▸ TASK TO COMPLETE: All of the data that follows should be written out exactly.

*** MATERIAL SUPPLIED ***

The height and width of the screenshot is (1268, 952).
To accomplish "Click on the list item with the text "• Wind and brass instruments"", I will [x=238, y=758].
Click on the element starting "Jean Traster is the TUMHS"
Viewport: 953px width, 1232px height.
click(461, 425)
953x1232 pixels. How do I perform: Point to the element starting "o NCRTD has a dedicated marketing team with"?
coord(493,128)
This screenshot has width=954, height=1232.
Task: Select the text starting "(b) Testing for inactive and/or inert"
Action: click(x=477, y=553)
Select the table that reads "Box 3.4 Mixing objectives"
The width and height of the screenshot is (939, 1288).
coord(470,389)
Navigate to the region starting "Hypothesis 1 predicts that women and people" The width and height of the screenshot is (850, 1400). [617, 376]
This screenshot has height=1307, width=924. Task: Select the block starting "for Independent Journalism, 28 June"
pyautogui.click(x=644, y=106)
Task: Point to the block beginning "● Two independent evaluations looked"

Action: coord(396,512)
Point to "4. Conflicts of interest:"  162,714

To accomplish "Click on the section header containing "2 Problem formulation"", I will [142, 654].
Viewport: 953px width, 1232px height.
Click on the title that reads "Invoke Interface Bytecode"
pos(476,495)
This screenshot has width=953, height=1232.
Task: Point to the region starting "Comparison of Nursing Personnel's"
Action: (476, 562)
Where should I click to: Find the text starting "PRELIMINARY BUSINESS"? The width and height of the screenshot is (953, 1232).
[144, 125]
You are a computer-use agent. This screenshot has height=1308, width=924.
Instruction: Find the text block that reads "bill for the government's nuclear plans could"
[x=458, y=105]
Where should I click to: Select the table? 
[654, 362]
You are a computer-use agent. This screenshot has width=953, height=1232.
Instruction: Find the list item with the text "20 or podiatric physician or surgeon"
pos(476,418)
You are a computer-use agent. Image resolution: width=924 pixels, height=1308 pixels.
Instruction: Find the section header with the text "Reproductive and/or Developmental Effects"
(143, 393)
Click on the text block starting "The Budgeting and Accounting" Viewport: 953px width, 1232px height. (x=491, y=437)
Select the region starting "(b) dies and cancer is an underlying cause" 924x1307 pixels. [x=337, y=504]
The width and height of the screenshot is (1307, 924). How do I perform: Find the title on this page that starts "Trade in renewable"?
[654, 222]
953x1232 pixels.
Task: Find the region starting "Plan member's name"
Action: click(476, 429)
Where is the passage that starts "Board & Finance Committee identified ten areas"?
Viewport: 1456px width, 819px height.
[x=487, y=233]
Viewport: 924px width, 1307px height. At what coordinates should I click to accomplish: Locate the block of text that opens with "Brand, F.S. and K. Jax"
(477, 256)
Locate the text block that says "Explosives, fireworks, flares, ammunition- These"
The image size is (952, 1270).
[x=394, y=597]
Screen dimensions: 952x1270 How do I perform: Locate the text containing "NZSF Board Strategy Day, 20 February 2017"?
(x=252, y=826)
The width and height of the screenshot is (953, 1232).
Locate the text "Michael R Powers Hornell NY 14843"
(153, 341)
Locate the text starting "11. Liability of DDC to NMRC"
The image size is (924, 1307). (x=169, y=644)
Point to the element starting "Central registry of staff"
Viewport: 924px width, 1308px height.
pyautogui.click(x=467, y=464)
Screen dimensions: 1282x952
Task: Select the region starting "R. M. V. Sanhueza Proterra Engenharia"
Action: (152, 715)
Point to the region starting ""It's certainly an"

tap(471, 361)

*** End of MATERIAL SUPPLIED ***

▸ OUTPUT BELOW:
The height and width of the screenshot is (1268, 952).
To accomplish "Click on the list item with the text "• Wind and brass instruments"", I will [x=238, y=758].
Click on the element starting "Jean Traster is the TUMHS"
Viewport: 953px width, 1232px height.
click(461, 425)
953x1232 pixels. How do I perform: Point to the element starting "o NCRTD has a dedicated marketing team with"?
coord(493,128)
This screenshot has width=954, height=1232.
Task: Select the text starting "(b) Testing for inactive and/or inert"
Action: click(x=477, y=553)
Select the table that reads "Box 3.4 Mixing objectives"
The width and height of the screenshot is (939, 1288).
coord(470,389)
Navigate to the region starting "Hypothesis 1 predicts that women and people" The width and height of the screenshot is (850, 1400). [617, 376]
This screenshot has height=1307, width=924. Task: Select the block starting "for Independent Journalism, 28 June"
pyautogui.click(x=644, y=106)
Task: Point to the block beginning "● Two independent evaluations looked"

Action: coord(396,512)
Point to "4. Conflicts of interest:"  162,714

To accomplish "Click on the section header containing "2 Problem formulation"", I will [142, 654].
Viewport: 953px width, 1232px height.
Click on the title that reads "Invoke Interface Bytecode"
pos(476,495)
This screenshot has width=953, height=1232.
Task: Point to the region starting "Comparison of Nursing Personnel's"
Action: (476, 562)
Where should I click to: Find the text starting "PRELIMINARY BUSINESS"? The width and height of the screenshot is (953, 1232).
[144, 125]
You are a computer-use agent. This screenshot has height=1308, width=924.
Instruction: Find the text block that reads "bill for the government's nuclear plans could"
[x=458, y=105]
Where should I click to: Select the table? 
[654, 362]
You are a computer-use agent. This screenshot has width=953, height=1232.
Instruction: Find the list item with the text "20 or podiatric physician or surgeon"
pos(476,418)
You are a computer-use agent. Image resolution: width=924 pixels, height=1308 pixels.
Instruction: Find the section header with the text "Reproductive and/or Developmental Effects"
(143, 393)
Click on the text block starting "The Budgeting and Accounting" Viewport: 953px width, 1232px height. (x=491, y=437)
Select the region starting "(b) dies and cancer is an underlying cause" 924x1307 pixels. [x=337, y=504]
The width and height of the screenshot is (1307, 924). How do I perform: Find the title on this page that starts "Trade in renewable"?
[654, 222]
953x1232 pixels.
Task: Find the region starting "Plan member's name"
Action: click(476, 429)
Where is the passage that starts "Board & Finance Committee identified ten areas"?
Viewport: 1456px width, 819px height.
[x=487, y=233]
Viewport: 924px width, 1307px height. At what coordinates should I click to accomplish: Locate the block of text that opens with "Brand, F.S. and K. Jax"
(477, 256)
Locate the text block that says "Explosives, fireworks, flares, ammunition- These"
The image size is (952, 1270).
[x=394, y=597]
Screen dimensions: 952x1270 How do I perform: Locate the text containing "NZSF Board Strategy Day, 20 February 2017"?
(x=252, y=826)
The width and height of the screenshot is (953, 1232).
Locate the text "Michael R Powers Hornell NY 14843"
(153, 341)
Locate the text starting "11. Liability of DDC to NMRC"
The image size is (924, 1307). (x=169, y=644)
Point to the element starting "Central registry of staff"
Viewport: 924px width, 1308px height.
pyautogui.click(x=467, y=464)
Screen dimensions: 1282x952
Task: Select the region starting "R. M. V. Sanhueza Proterra Engenharia"
Action: (152, 715)
Point to the region starting ""It's certainly an"

tap(471, 361)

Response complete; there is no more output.